Assessment of Sleipnir interior point solver ...
- the solver is not separated from the AD
Fixed as of https://github.com/SleipnirGroup/Sleipnir/pull/857, assuming the user can use Eigen types directly. Thanks for the suggestion; it cleaned up the solvers themselves quite a bit.
It's not entirely clear how the Jacobian is efficiently computed; there is no coloring and no forward mode.
Jacobian uses reverse mode autodiff with row caching based on the row's linearity. For example, given a constraint Jacobian with M rows (constraints) and N columns (decision variables), reverse mode is run M times where each run computes a row.
Most of the speedup comes from eagerly simplifying expression nodes whose arguments are either all constants, one 0, or one 1. For example: https://github.com/SleipnirGroup/Sleipnir/blob/main/include/sleipnir/autodiff/expression.hpp#L151-L167. I didn't see much change from disabling row caching, but the cart-pole solve was 50% slower without expression pruning.
To compute the Hessian, we first compute a gradient expression tree with reverse mode autodiff and cache it. Then when we want the Hessian's value, we take the Jacobian of that gradient with reverse mode autodiff.
The Hessian is the most expensive part of Sleipnir's cart-pole solve by far. Here's diagnostics for the cart-pole unit test with N = 100.
(Note there's some double-counting of f(x), cₑ(x), and cᵢ(x) I haven't fixed yet.)
We don't do any common subexpression elimination since that's really expensive in general. We expect the user to do that themselves since that makes expressions in their code shorter and easier to read anyway.
- No codegen, no MX
I assume MX is mainly helpful for DAE solvers? We didn't implement a native matrix autodiff type because optimal control NLPs rarely use them.
We've started looking at Enzyme for autodiff, but we haven't made much headway due to the complexity involved and the fact we'd lock ourselves into LLVM. We also historically haven't bothered with codegen because incorporating codegen properly into a consuming C++ project's build system is nontrivial.

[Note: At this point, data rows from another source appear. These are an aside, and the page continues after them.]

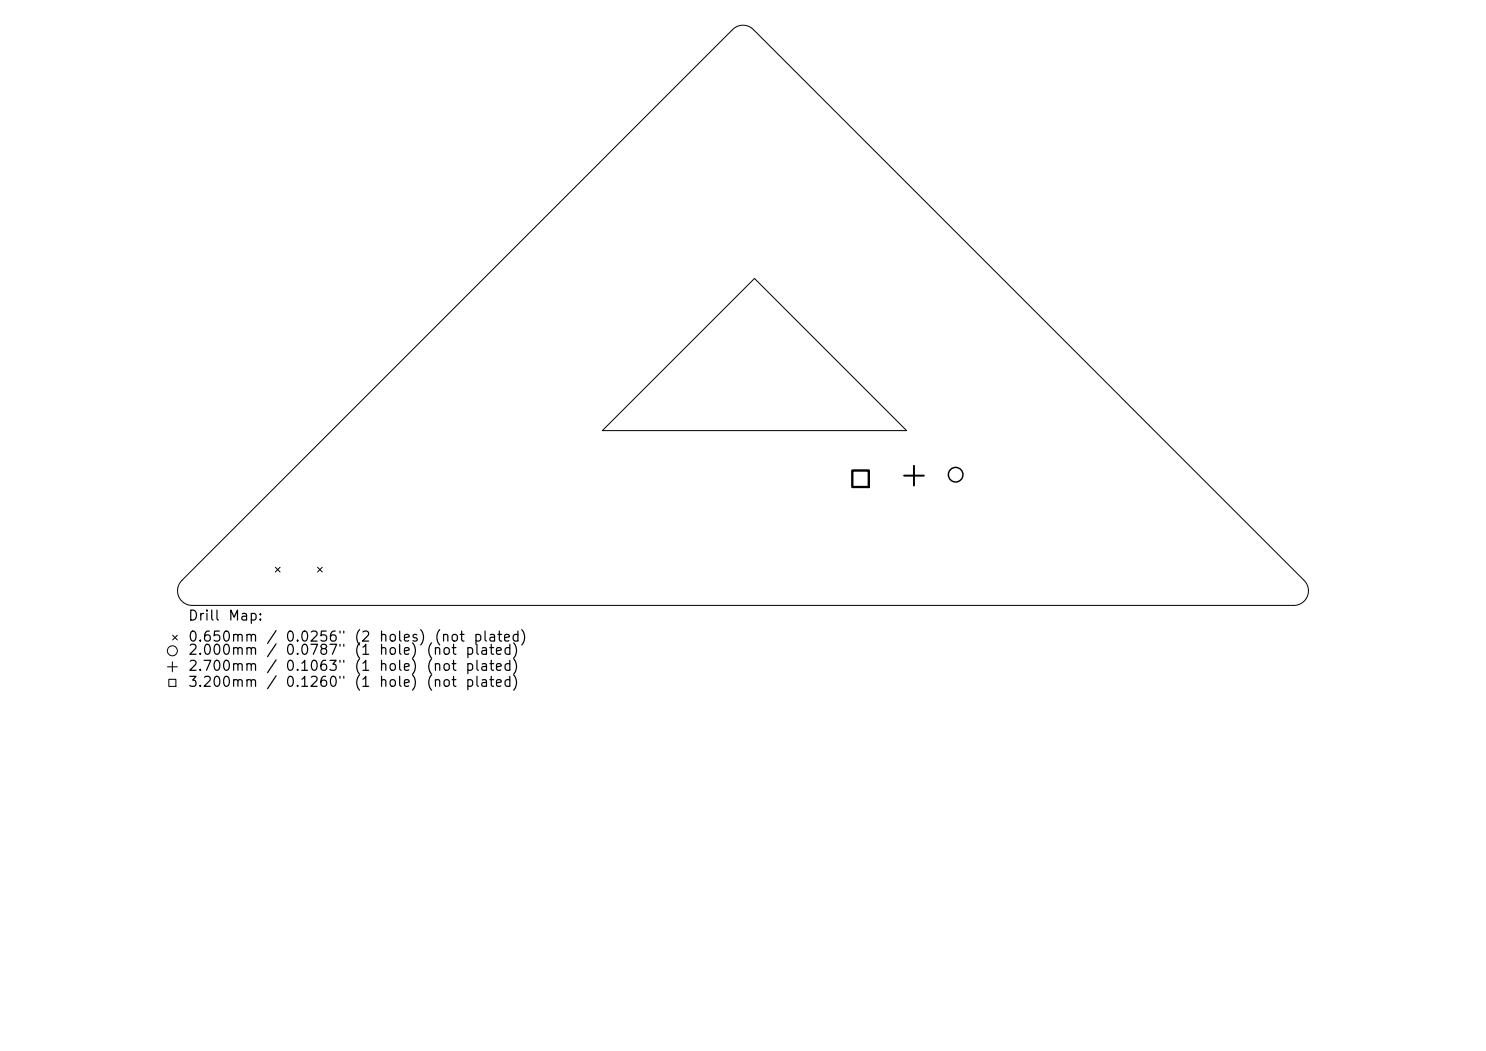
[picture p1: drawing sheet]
<svg xmlns="http://www.w3.org/2000/svg" width="297mm" height="210mm" viewBox="0 0 297 210" stroke-linecap="round" stroke-linejoin="round" font-family="sans-serif">
<defs><g id="words">
<g font-size="2">
<text x="37.4" y="124.5">Drill</text>
<text x="45.5" y="124.5">Map:</text>
<text x="37.4" y="128.7">0.650mm</text>
<text x="37.4" y="131.3">2.000mm</text>
<text x="53.1" y="128.7">/</text>
<text x="53.1" y="131.3">/</text>
<text x="56.9" y="128.7">0.0256&quot;</text>
<text x="56.9" y="131.3">0.0787&quot;</text>
<text x="70.6" y="128.7">(2</text>
<text x="70.6" y="131.3">(1</text>
<text x="75.6" y="128.7">holes)</text>
<text x="75.6" y="131.3">hole)</text>
<text x="85" y="131.3">(not</text>
<text x="86.6" y="128.7">(not</text>
<text x="92.8" y="131.3">plated)</text>
<text x="94.5" y="128.7">plated)</text>
<text x="37.4" y="134.5">2.700mm</text>
<text x="37.4" y="137.7">3.200mm</text>
<text x="53.1" y="134.5">/</text>
<text x="53.1" y="137.7">/</text>
<text x="56.9" y="134.5">0.1063&quot;</text>
<text x="56.9" y="137.7">0.1260&quot;</text>
<text x="70.6" y="134.5">(1</text>
<text x="70.6" y="137.7">(1</text>
<text x="75.6" y="134.5">hole)</text>
<text x="75.6" y="137.7">hole)</text>
<text x="85" y="134.5">(not</text>
<text x="85" y="137.7">(not</text>
<text x="92.8" y="134.5">plated)</text>
<text x="92.8" y="137.7">plated)</text>
</g>
</g></defs>
<g fill="none" stroke="#000" stroke-width=".2">
<path d="M120.4 86l30.4-30.4 30.4 30.4zM36.3 116l110.1-110.1a2.92 2.92 0 0 1 4.2 0l110.1 110.1a2.92 2.92 0 0 1 .6 3.2 2.92 2.92 0 0 1-2.7 1.8h-220.2a2.92 2.92 0 0 1-2.7-1.8 2.92 2.92 0 0 1 .6-3.2zM55 113.3l1 1M56 113.3l-1 1M63.5 113.3l.9 1M64.4 113.3l-.9 1M33.4 133.2h2M33.7 135.7h1.5v1.5h-1.5zM34.4 132.2v2M34.5 126.9l.9 1M35.4 126.9l-.9 1"/>
<circle cx="34.4" cy="130" r="1"/>
</g>
<circle cx="191" cy="94.9" r="1.46" fill="none" stroke="#000" stroke-width=".29"/>
<path d="M180.7 95h3.9M182.7 93.1v3.9" fill="none" stroke="#000" stroke-width=".39"/>
<path d="M170.3 94h3.3v3.3h-3.3z" fill="none" stroke="#000" stroke-width=".47"/>
<use href="#words"/>
</svg>
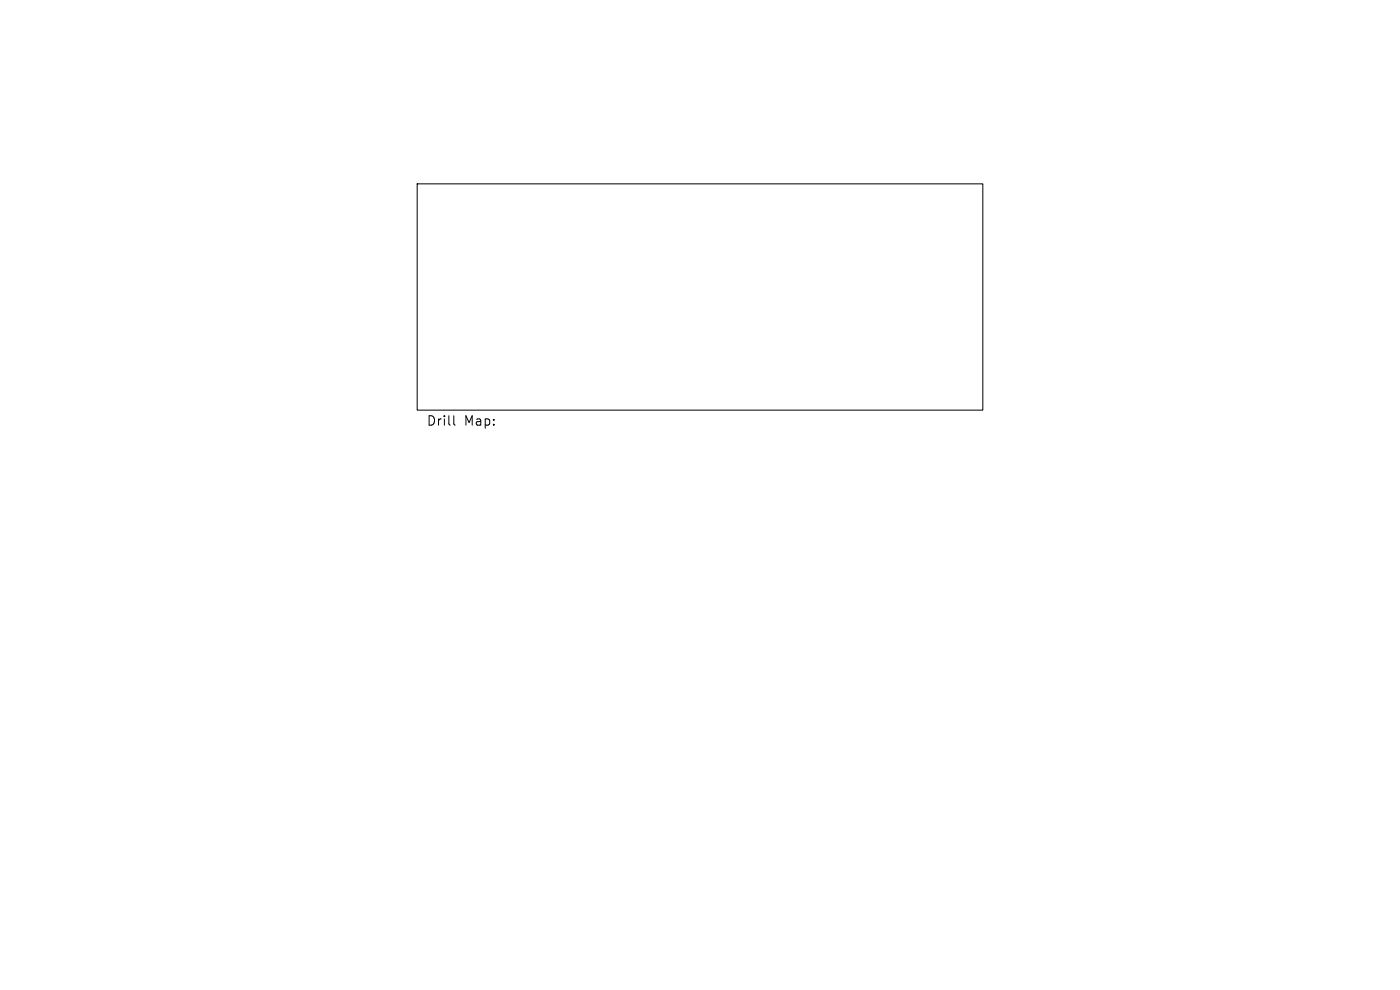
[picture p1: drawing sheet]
<svg xmlns="http://www.w3.org/2000/svg" width="297mm" height="210mm" viewBox="0 0 297 210" stroke-linecap="round" stroke-linejoin="round" font-family="sans-serif">
<defs><g id="words">
<g font-size="2.8">
<text x="90.4" y="90.6">Drill</text>
<text x="98.4" y="90.6">Map:</text>
</g>
</g></defs>
<path d="M88.5 39h120v48h-120zM96.3 88.2v1.7l.3 .3" fill="none" stroke="#000" stroke-width=".21"/>
<use href="#words"/>
</svg>

If CasADi added a Sleipnir plugin for its solvers, Choreo would potentially use it for the faster autodiff if:
- We fix the AD performance regressions for our use case by applying the right flags or making minor tweaks. We don't want to compromise readability by switching to nlpsol.
- We build CasADi and its dependencies fully from source via CMake, to keep our app distribution easy (seems possible with the other plugins disabled)
- We figure out how to use CasADi's C++ iteration callbacks
CasADi's C++ usage docs seem to be neglected in favor of Python. The matrix and iteration callbacks will require mapping back and forth between CasADi's matrix representation and Eigen's compressed sparse column storage layout.